I am extremely comfortable enforcing "if you want to use flair embeddings, you must use a tokenizer that generates offsets (e.g. the default WordTokenizer)", that's much simpler than just about any other solution.
I guess we can leave it at that, then.
But I was hoping to create a generic sentence-level character encoder that could I could use with any dataset. E.g., I primarily use Universal Dependencies, whose data already comes tokenized out of the box. Should I be forced to modify my dataset reader and tokenizers to be able to work with FLAIR? Or can we add a simple function that reconstructs the offsets from the given tokenization, if possible? In the case of no raw text available, then assuming one space between each word token could be sufficient.
And again, if we go with the Spacy tokenizer, we may still need to modify the tokens_to_indices
method to either pass in an extra offsets
parameter or a Sentence
object containing those offsets.
in this case your DatasetReader must be (I assume) somehow creating Token
objects to populate a TextField
? in which case I'd say that yes it's the dataset reader's job to populate the idx
fields of those tokens. if you're primarily using the same dataset, then that's just a small one-time hit to write that code?
It's entirely possible to do this automatically without needing to modify the current dataset readers. Maybe it would be more useful as a utility function. In any case, it's no big deal.
Then my only remaining concern is how to pass both the character tokens and the offsets to the indexer. It will require a change to the indexer interface.
look at how TokenCharactersIndexer.tokens_to_indices
works:
you'd basically just do that, except that you'd have to grab each token.idx
and generate a second vector of offsets to return.
in fact, you could probably just add a new parameter to that token indexer
compute_offsets: bool = False
that if it's true it does that, and then you don't even need to write a new token indexer
Ah, makes sense now. Thanks!
@mayhewsw Would you be willing to share your implementation of including flair embeddings or some pointers on how you did it?
@zeeshansayyed At risk of embarrassing myself, here's a gist with my quick and dirty implementation: https://gist.github.com/mayhewsw/26939faf0a7190a6d174893a31ba0ac8
@dirkgr @matt-gardner if I open a PR based on @mayhewsw work is something that would be accepted?
(Fine with me, fwiw)
Browsing over the code in the gist, I assume the scope of this is just to create the embeddings, but not to make it trainable, right?
@dirkgr yes, this would a be embedding generator only.
It is possible but very tricky to implement it using only the AllenNLP. At least for me. As it is a char lm that use the embedding of the first white char after a word.
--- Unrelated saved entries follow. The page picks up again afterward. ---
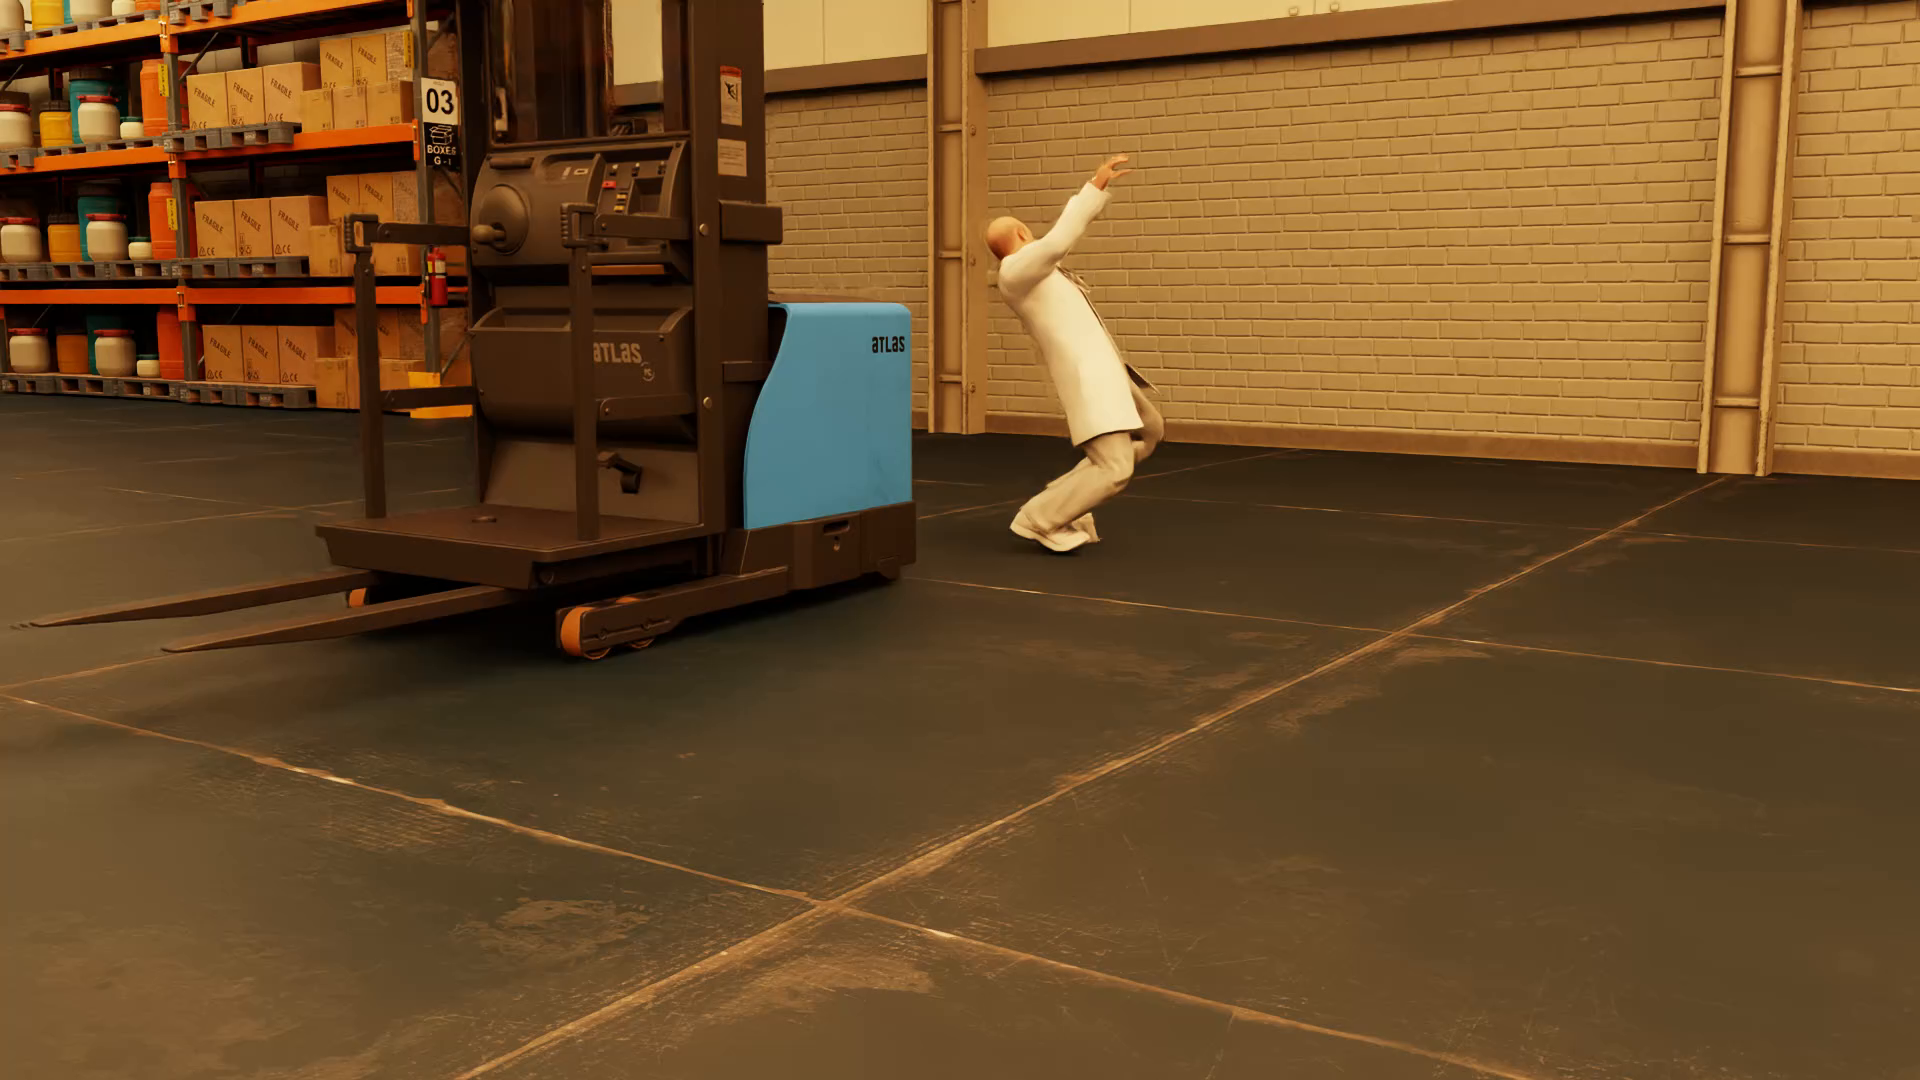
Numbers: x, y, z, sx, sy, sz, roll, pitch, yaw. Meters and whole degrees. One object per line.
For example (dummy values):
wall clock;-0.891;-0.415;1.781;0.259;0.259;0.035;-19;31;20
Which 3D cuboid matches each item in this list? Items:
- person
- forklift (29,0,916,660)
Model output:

But the performance for NER is way better than anything else I tested.
I'm not wild about making Flair a dependency of the core allennlp library, but we could put this into allennlp-models
as an NER model, and go from there? If we then decide to add the other Flair models, maybe we'll expand.
@mayhewsw's gist only provides the embedder. What's involved with making an NER model?
It would be great to see a token embedder for Flair embeddings. They have released an extensive toolkit, including pretrained models, so in theory it could be straightforward to incorporate them.
A complication is that they operate on the character level over the entire sentence, so in order to get word embeddings, one needs to include spans indicating character offsets for each word. The actual values are much different, but the idea is similar in principle to the BERT offsets. Presumably there would need to be a Flair token indexer as well.